Advantages of dummy encoding over one-hot encoding

Dummy encoding adds fewer dummy variables than one-hot encoding does.
Dummy encoding removes a duplicate category in each categorical variable.

Advantages of Pandas `get_dummies()` over Scikit-learn `OneHotEncoder()`

The get_dummies() function return encoded data with variable names. We can also add prefixes to dummy variables in each categorical variable name.
The get_dummies() function returns the entire dataset with numerical variables also.

When to use what?

Both, one-hot and dummy encoding, can be used for nominal and ordinal categorical variables. However, if you strictly want to keep the natural order of ordinal variables, you can use label encoding instead of the above two types.
One advantage of label encoding is that it does not expand the feature space at all as we just replace category names with numbers. Here, we do not use dummy variables.
The major disadvantage of label encoding is that machine learning algorithms may consider there may be relationships between the encoded categories. For example, let’s say we have a categorical variable Quality with three categories called “Fair”, “Good” and “Premium”. An algorithm may interpret Premium (2) as two times better than Good (1). Actually, there is no such relationship between the categories.
To avoid this, label encoding should only be applied to target (y) values, not to input (X) values.
In summary, label encoding is suitable for ordinal categorical variables, while one-hot encoding is preferred for nominal categorical variables.

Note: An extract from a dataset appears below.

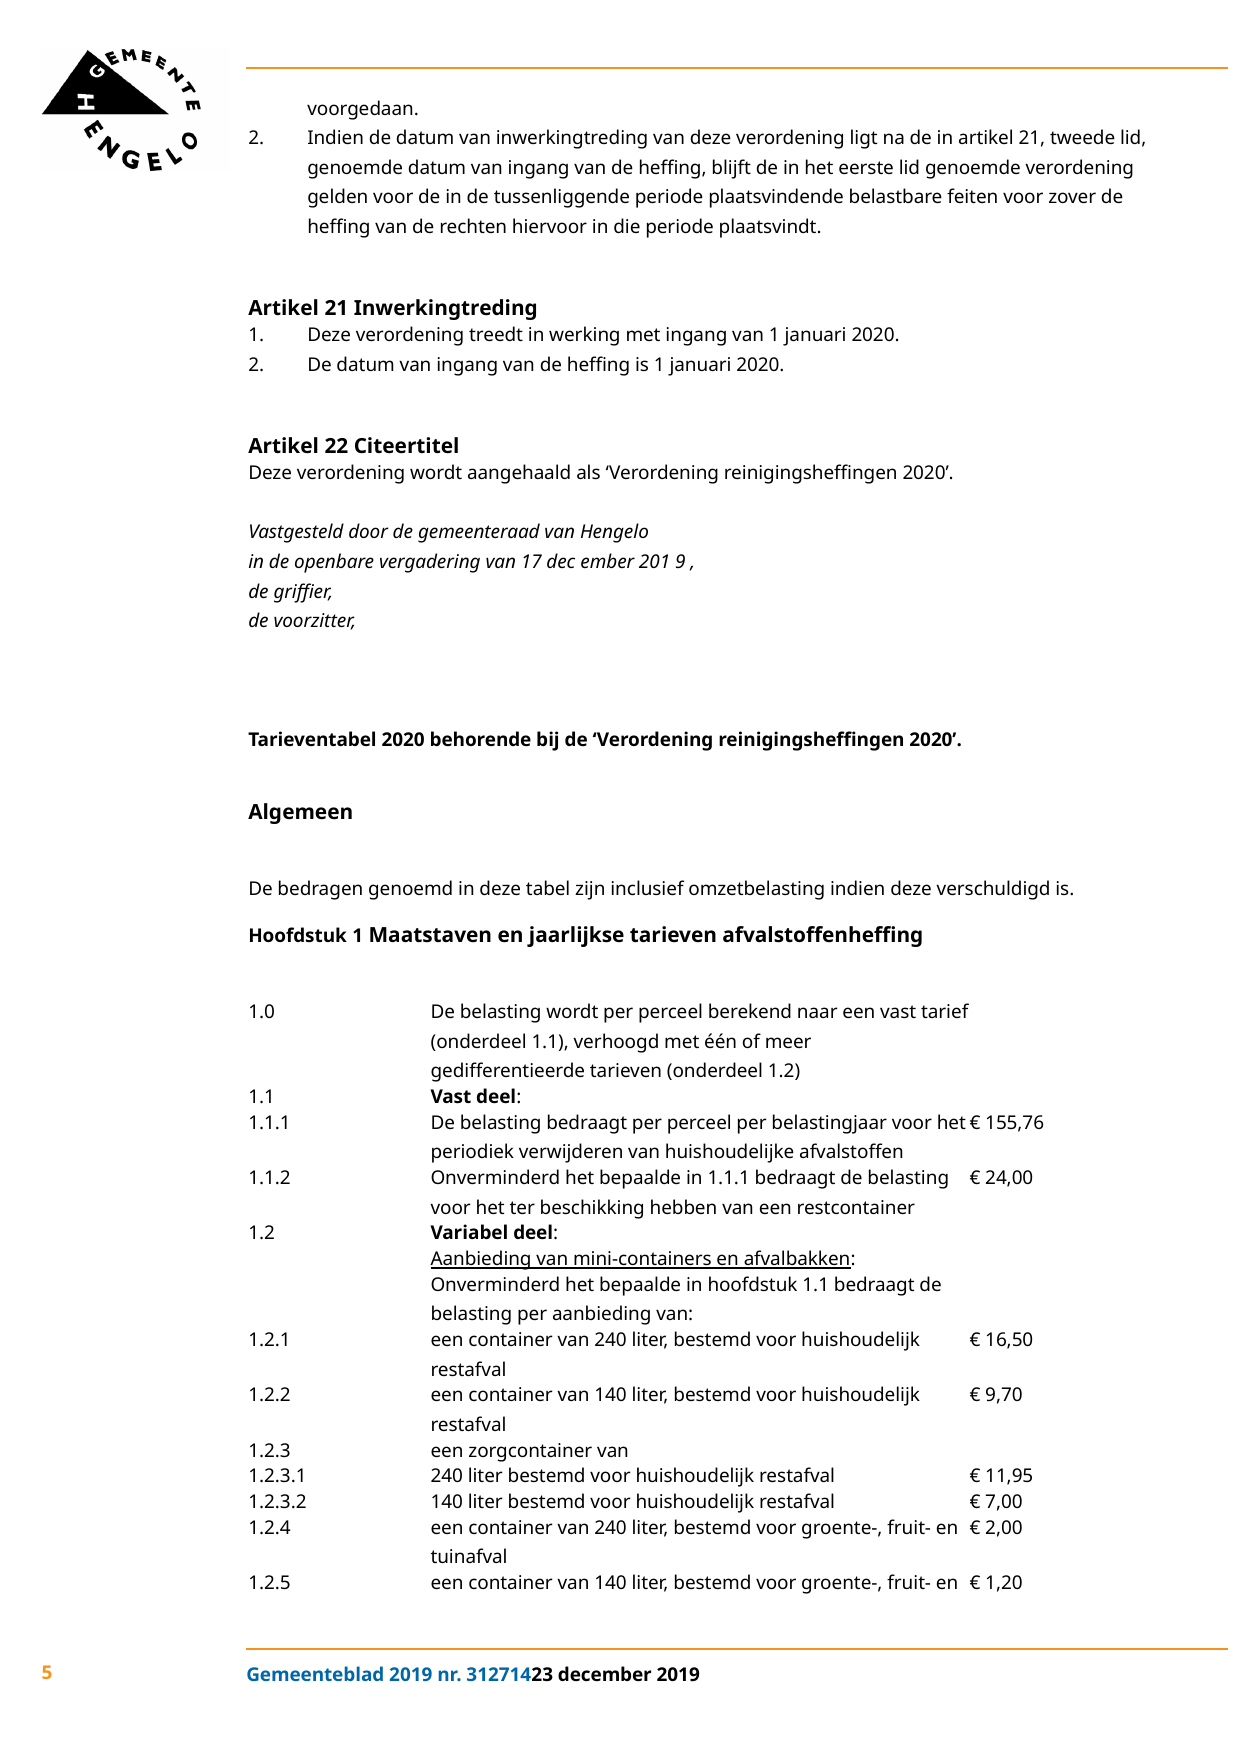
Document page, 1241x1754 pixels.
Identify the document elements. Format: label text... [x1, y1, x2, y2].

Label encoding is simple and space-efficient but may introduce arbitrary numerical relationships. One-hot encoding provides explicit representations, compatibility with algorithms, and insensitivity to magnitude but can lead to high dimensionality and sparse data. The choice depends on the specific characteristics of the data and the requirements of the machine learning problem at hand.
Label encoding can be applied by using Scikit-learn’s LabelEncoder() function. Now, we apply it to the cut variable in our diamonds dataset. This is for illustration purposes only as we do not use label encoding to encode input (X) values.

from sklearn.preprocessing import LabelEncoder

df['cut_enc'] = LabelEncoder().fit_transform(df['cut'])
df.head(10)

	carat	cut	color	clarity	depth	table	price	x	y	z	cut_enc
0	0.23	Ideal	E	SI2	61.5	55.0	326	3.95	3.98	2.43	2
1	0.21	Premium	E	SI1	59.8	61.0	326	3.89	3.84	2.31	3
2	0.23	Good	E	VS1	56.9	65.0	327	4.05	4.07	2.31	1
3	0.29	Premium	I	VS2	62.4	58.0	334	4.20	4.23	2.63	3
4	0.31	Good	J	SI2	63.3	58.0	335	4.34	4.35	2.75	1
5	0.24	Very Good	J	VVS2	62.8	57.0	336	3.94	3.96	2.48	4
6	0.24	Very Good	I	VVS1	62.3	57.0	336	3.95	3.98	2.47	4
7	0.26	Very Good	H	SI1	61.9	55.0	337	4.07	4.11	2.53	4
8	0.22	Fair	E	VS2	65.1	61.0	337	3.87	3.78	2.49	0
9	0.23	Very Good	H	VS1	59.4	61.0	338	4.00	4.05	2.39	4

Since the new encoded data column cut_enc has been added, we can now remove the cut column.